--- LISTED RECORDS Enclosed Below ---

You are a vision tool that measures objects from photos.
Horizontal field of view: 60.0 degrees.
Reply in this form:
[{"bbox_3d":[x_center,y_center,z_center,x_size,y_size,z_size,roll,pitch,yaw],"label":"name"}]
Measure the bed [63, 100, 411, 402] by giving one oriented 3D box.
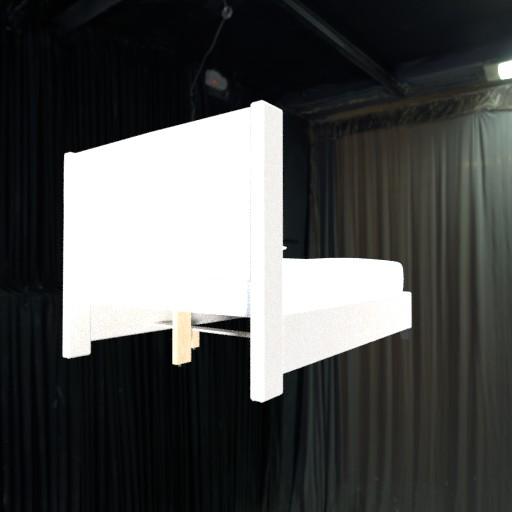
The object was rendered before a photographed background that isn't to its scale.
[{"bbox_3d":[0.000,0.000,3.585,1.778,1.471,2.293,-1,-1,37],"label":"bed"}]
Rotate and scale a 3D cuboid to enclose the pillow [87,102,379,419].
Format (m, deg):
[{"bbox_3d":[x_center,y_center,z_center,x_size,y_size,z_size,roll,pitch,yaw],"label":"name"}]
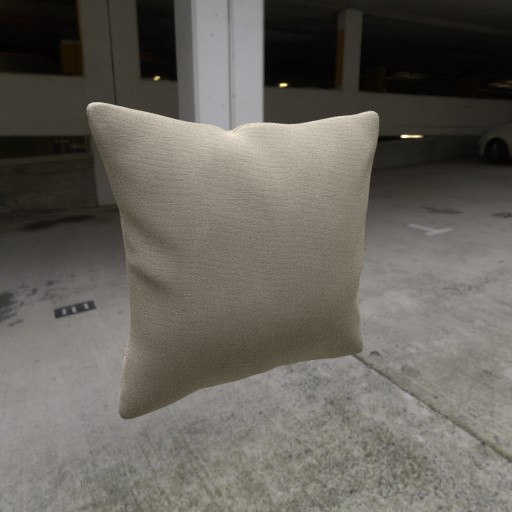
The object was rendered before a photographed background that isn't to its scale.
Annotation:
[{"bbox_3d":[0.000,0.000,0.658,0.437,0.420,0.162,-8,17,-27],"label":"pillow"}]

--- End of Enclosed LISTED RECORDS ---

### EXERCISE OBJECTIVE
Could you print all of the entries exactly, skipping the images?

### ANSWER AREA
You are a vision tool that measures objects from photos.
Horizontal field of view: 60.0 degrees.
Reply in this form:
[{"bbox_3d":[x_center,y_center,z_center,x_size,y_size,z_size,roll,pitch,yaw],"label":"name"}]
Measure the bed [63, 100, 411, 402] by giving one oriented 3D box.
The object was rendered before a photographed background that isn't to its scale.
[{"bbox_3d":[0.000,0.000,3.585,1.778,1.471,2.293,-1,-1,37],"label":"bed"}]
Rotate and scale a 3D cuboid to enclose the pillow [87,102,379,419].
Format (m, deg):
[{"bbox_3d":[x_center,y_center,z_center,x_size,y_size,z_size,roll,pitch,yaw],"label":"name"}]
The object was rendered before a photographed background that isn't to its scale.
Annotation:
[{"bbox_3d":[0.000,0.000,0.658,0.437,0.420,0.162,-8,17,-27],"label":"pillow"}]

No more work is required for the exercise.